Academic of the RANH, Dr.S. (eng.).
Professor,
Options
OF CALCULATING VOLUME OF THE ECONOMIC SHELL
This article describes an economic
shell that can be presented in the form of volume of a sphere. This volume can
be presented as the gross domestic product (GDP) of a country. The types of
sphere deformation are shown under the effect of external and internal
pressure.
Previously, the author showed in his articles that GDP
of any country can be presented as a spherical shell or, more precisely, as the
area of its surface [1, 2, 3].
Gross
domestic product is a macroeconomic indicator that reflects the market value of
all final goods and services produced for consumption, export and accumulation
in all economic sectors within the borders of a country during a year irrespective
of a national identity of the used production factors. That is, it can be
presented as a package of final goods and services of enterprises (companies)

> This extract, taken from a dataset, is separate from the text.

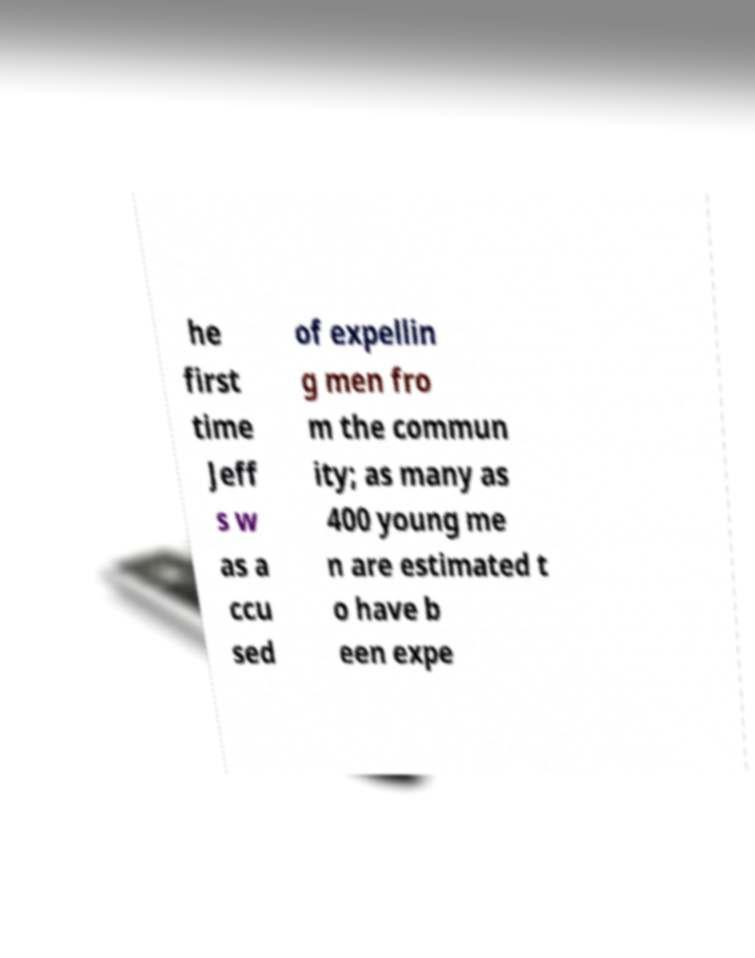I need the written content from this picture converted into text. Can you do that? he first time Jeff s w as a ccu sed of expellin g men fro m the commun ity; as many as 400 young me n are estimated t o have b een expe 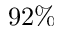<formula> <loc_0><loc_0><loc_500><loc_500>9 2 \%</formula>

and, consequently, each enterprise (company) constitutes its separate part of
the sphere volume.
For this purpose, the volume of an economic sphere can
be categorized into two classes (Figure 1):
1. the first class - the volume of the economic
sphere is a closed sphere without cracks Vsc;
2. the second class – the volume of
the economic sphere is an open sphere Vso
where at least two sides of two pyramids are out of contact with each other,
that is, there is a crack.
Each class is
further divided into the following ten equal subclasses:
1. The plotted volume of the
economic sphere Vs is an
aggregate of separate identical pyramids of the same volume Vpi and radius Rpi;
2. The plotted volume of the economic sphere Vs is an aggregate of
separate identical pyramids of different volume Vpi and with the same radius Rsi;
3. The plotted volume of the economic sphere Vs is an aggregate of
separate, convex and concave identical pyramids of the same volume Vpi and with constant
radiuses Rpi for convex Rp1 and concave Rp2
pyramids. Figure 1 represents two flat images of a convex pyramid and a concave
pyramid.
4. The plotted volume of the economic sphere Vs is aggregate of separate a convex and concave
identical pyramids of the same volume Vpi
and with constant and varying radiuses Rpi (constant radius Rp1 is for convex pyramids and varying radiuses Rp2 are for concave pyramids).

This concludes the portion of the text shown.